Sunday, May 8, 2011

BEEN SO LONG ***

So I'm not doing very well keeping up with this! I'm beginning to think I am wearing too many hats...and I definately don't have room in my closet for another one ....blogging...yet I'm compelled to do better at this! I think it would be great to take 10 minutes every evening to just write about all the cute things the kids say do...etc. it really is a great idea....in theory! haha! So...looks like I have lots of filling in to do. I guess I will start with today.
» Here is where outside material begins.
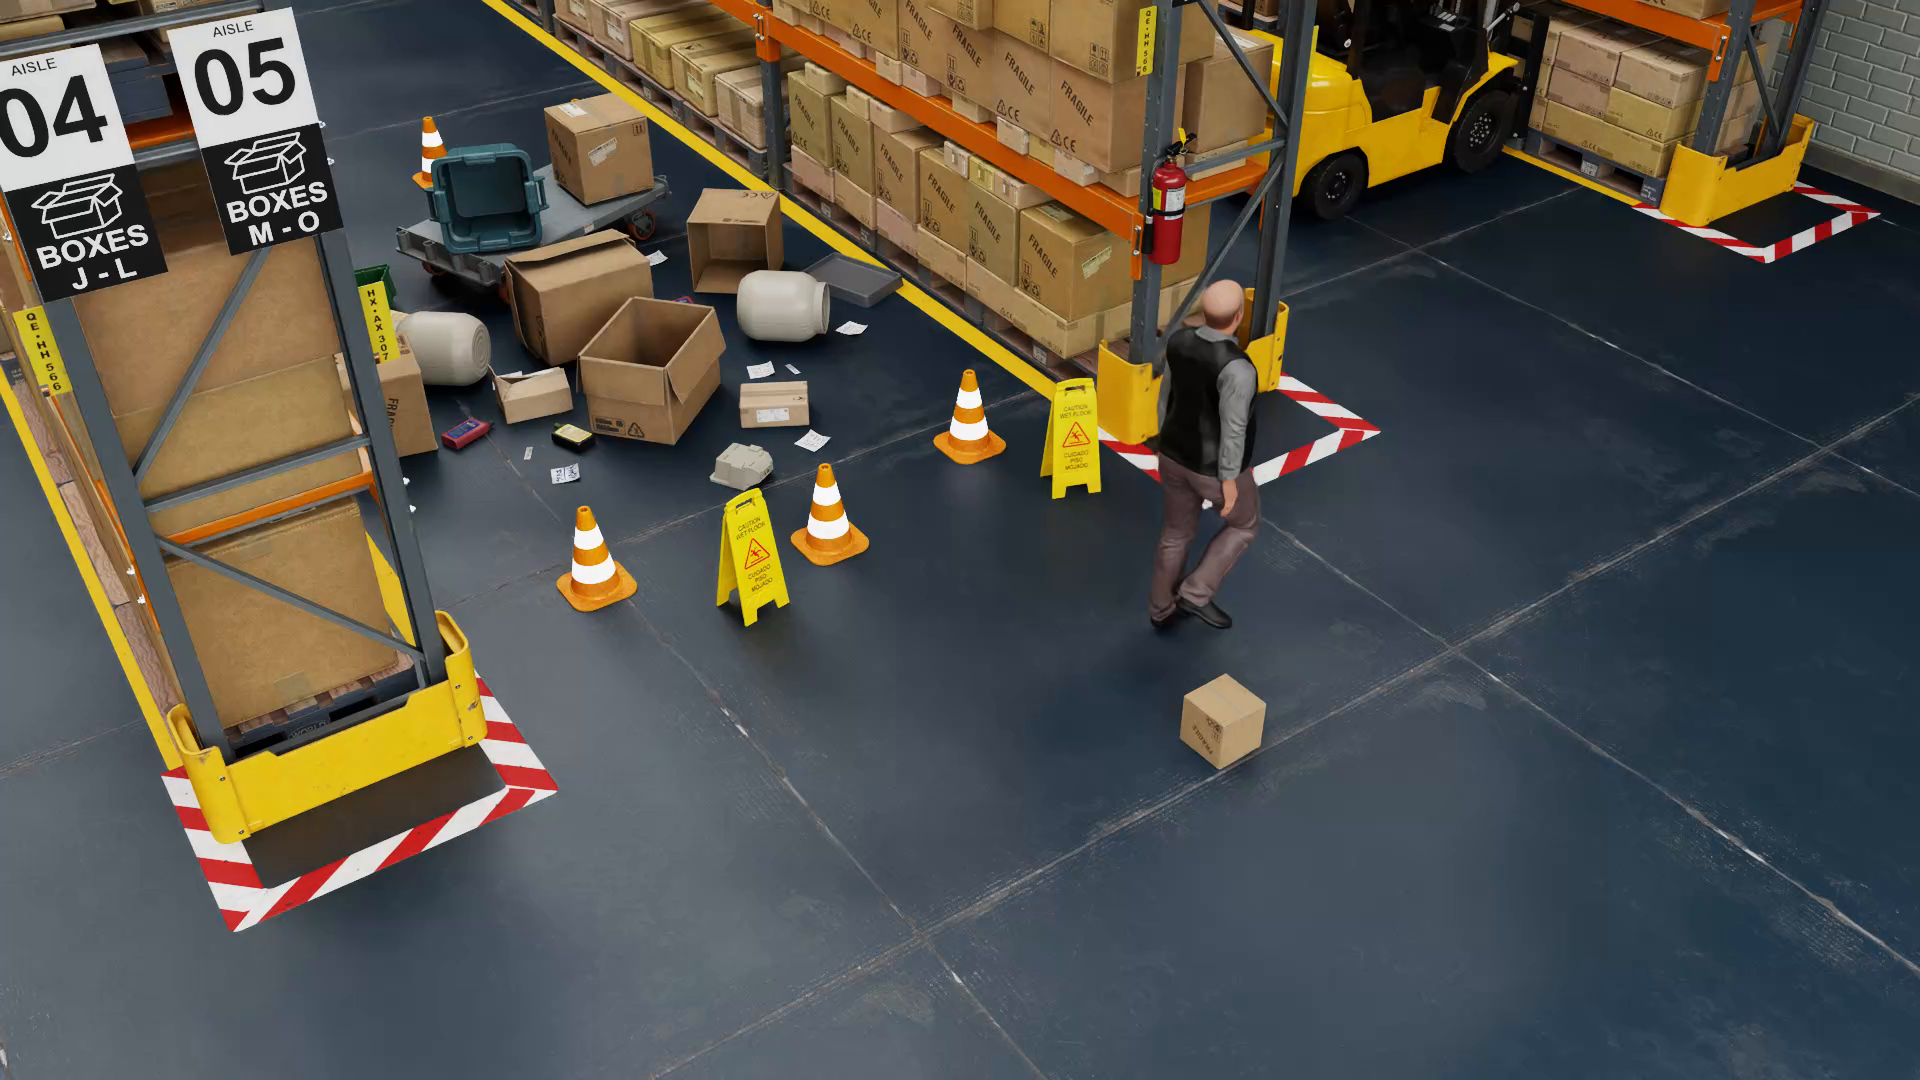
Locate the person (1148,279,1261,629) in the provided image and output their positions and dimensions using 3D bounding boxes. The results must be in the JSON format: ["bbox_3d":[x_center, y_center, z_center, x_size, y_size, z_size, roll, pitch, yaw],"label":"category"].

Today is Mothers Day!! My husband and kids did great...they made me a home-made wind chime...not the prettiest thing but I can see all the thought and time my husband put into organizing this..and the little writing on the piping is just too cute! I really love it ...will definately treasure it forever. Andy goes above and beyond when it comes to the home-made gifts...which are the ones I love the most. River made me a pot holder with his precious handprint on it...he made it in school...it will never get used..for the fear of the paint coming off...but it sure is precious. Lily made a picture frame...I'm going to have to learn how to post pictures on here! My kids are such a precious gift from GOD...I tend to wonder "what made me so special to deserve them?". I ask myself this question all the time...I would never give a gift so precious to myself..but he did which goes to show he is ever and all loving. I cherish every second I get to be their mother and am so grateful and thankful for my wonderful husband who made me a mommy. It's amazing how scared I was when I found out I was going to be a mother for the first time...19 years old and far from responsible and grown up. However, I remember weeks before finding out I prayed to God that he would send me something...anything that would save me from myself and the path I was on, and TADA! It took a whole two seconds after the stick turning pink to change my soul, my thoughts, my direction...my WHOLE LIFE in an instant. Amazing how that happens! Wow God is SO GOOD! I would now have 20 kids if we could afford it, however I'm pretty sure my husband would skip the border and never come back...but then again he only wanted one..and made it very clear we were done after River..and now 3 kids later...well, you know. And it's so fun to watch him with them now..he is such a good dad! Wasn't sure if he would be..actually my doubts were pretty high that he wouldn't be...but all I can say is WOW! Most amazing dad I know..who would do anything to make sure they have everything they want and need to live a great life. So with that being said HAPPY MOTHERS DAY! I'M SO BLESSED!!! PRAISE GOD!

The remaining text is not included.